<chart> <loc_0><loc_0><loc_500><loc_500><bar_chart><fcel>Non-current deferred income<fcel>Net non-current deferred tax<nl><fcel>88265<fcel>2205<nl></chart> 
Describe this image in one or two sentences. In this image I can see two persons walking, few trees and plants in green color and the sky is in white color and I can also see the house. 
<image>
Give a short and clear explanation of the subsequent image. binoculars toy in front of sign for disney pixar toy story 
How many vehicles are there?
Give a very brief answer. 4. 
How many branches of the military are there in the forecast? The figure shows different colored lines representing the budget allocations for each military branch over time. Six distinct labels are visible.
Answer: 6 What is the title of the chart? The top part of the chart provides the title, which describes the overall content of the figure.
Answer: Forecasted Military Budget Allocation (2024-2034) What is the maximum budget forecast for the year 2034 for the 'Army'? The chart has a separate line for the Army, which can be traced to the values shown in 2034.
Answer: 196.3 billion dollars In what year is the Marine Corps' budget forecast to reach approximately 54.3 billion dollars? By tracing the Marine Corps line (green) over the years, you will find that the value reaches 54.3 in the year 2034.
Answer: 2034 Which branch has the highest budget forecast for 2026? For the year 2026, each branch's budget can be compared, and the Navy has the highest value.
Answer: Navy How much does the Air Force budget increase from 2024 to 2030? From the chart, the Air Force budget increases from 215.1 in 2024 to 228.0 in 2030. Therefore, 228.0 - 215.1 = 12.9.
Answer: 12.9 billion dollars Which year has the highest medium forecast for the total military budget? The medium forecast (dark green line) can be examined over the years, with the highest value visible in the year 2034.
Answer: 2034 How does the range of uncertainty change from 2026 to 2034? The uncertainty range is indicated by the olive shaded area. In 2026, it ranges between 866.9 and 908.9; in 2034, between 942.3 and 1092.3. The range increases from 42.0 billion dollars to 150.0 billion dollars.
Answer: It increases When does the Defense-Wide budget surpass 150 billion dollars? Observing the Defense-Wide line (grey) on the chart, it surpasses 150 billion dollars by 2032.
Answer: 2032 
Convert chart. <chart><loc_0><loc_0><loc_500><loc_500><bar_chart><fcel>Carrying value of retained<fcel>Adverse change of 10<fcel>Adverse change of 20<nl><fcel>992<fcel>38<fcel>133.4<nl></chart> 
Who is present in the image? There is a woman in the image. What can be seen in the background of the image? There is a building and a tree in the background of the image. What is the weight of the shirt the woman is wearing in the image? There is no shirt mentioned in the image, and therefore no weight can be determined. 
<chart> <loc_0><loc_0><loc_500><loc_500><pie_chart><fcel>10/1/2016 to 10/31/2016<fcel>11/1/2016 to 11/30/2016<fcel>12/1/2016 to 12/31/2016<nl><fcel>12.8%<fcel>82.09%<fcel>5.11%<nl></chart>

***

Exercise requirements: Up to and including the line with "Answer: Navy How", print every line of the records from the start.

Answer space:
<chart> <loc_0><loc_0><loc_500><loc_500><bar_chart><fcel>Non-current deferred income<fcel>Net non-current deferred tax<nl><fcel>88265<fcel>2205<nl></chart> 
Describe this image in one or two sentences. In this image I can see two persons walking, few trees and plants in green color and the sky is in white color and I can also see the house. 
<image>
Give a short and clear explanation of the subsequent image. binoculars toy in front of sign for disney pixar toy story 
How many vehicles are there?
Give a very brief answer. 4. 
How many branches of the military are there in the forecast? The figure shows different colored lines representing the budget allocations for each military branch over time. Six distinct labels are visible.
Answer: 6 What is the title of the chart? The top part of the chart provides the title, which describes the overall content of the figure.
Answer: Forecasted Military Budget Allocation (2024-2034) What is the maximum budget forecast for the year 2034 for the 'Army'? The chart has a separate line for the Army, which can be traced to the values shown in 2034.
Answer: 196.3 billion dollars In what year is the Marine Corps' budget forecast to reach approximately 54.3 billion dollars? By tracing the Marine Corps line (green) over the years, you will find that the value reaches 54.3 in the year 2034.
Answer: 2034 Which branch has the highest budget forecast for 2026? For the year 2026, each branch's budget can be compared, and the Navy has the highest value.
Answer: Navy How much does the Air Force budget increase from 2024 to 2030? From the chart, the Air Force budget increases from 215.1 in 2024 to 228.0 in 2030. Therefore, 228.0 - 215.1 = 12.9.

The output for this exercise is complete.